Top of Given records
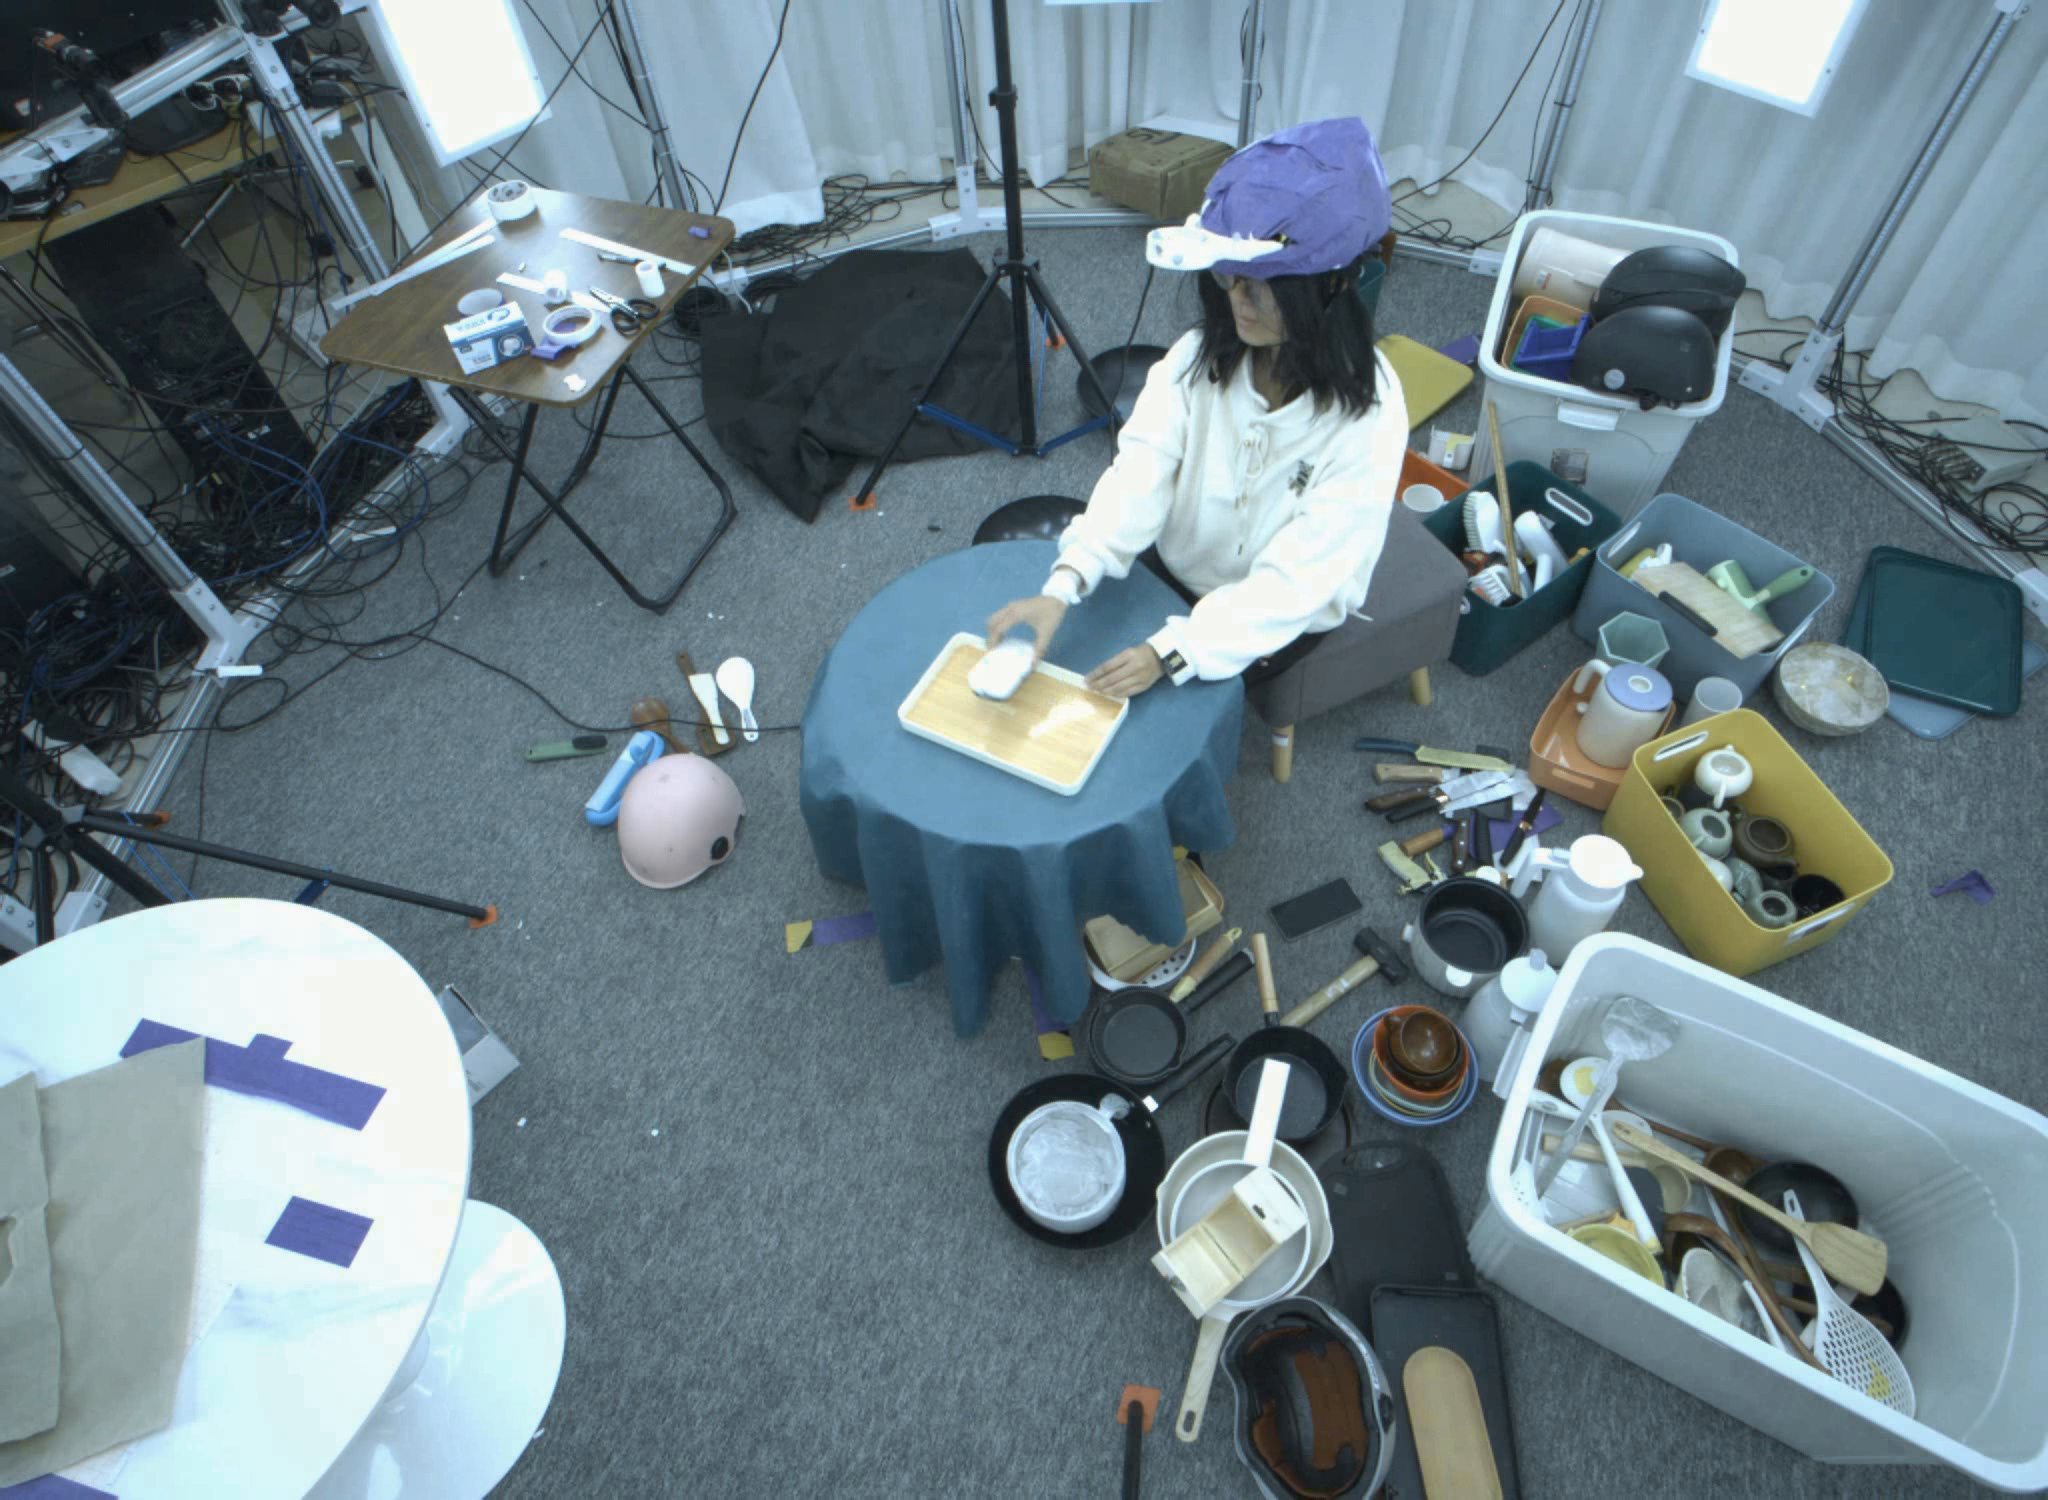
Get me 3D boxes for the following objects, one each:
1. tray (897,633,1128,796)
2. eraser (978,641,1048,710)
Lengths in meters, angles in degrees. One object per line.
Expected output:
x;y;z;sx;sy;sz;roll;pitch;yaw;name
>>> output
Bottom of Given records
Problem to solve :: Set the records down again word for word; the pictures stay out.

Response for this exercise ::
Get me 3D boxes for the following objects, one each:
1. tray (897,633,1128,796)
2. eraser (978,641,1048,710)
Lengths in meters, angles in degrees. One object per line.
Expected output:
x;y;z;sx;sy;sz;roll;pitch;yaw;name
>>> output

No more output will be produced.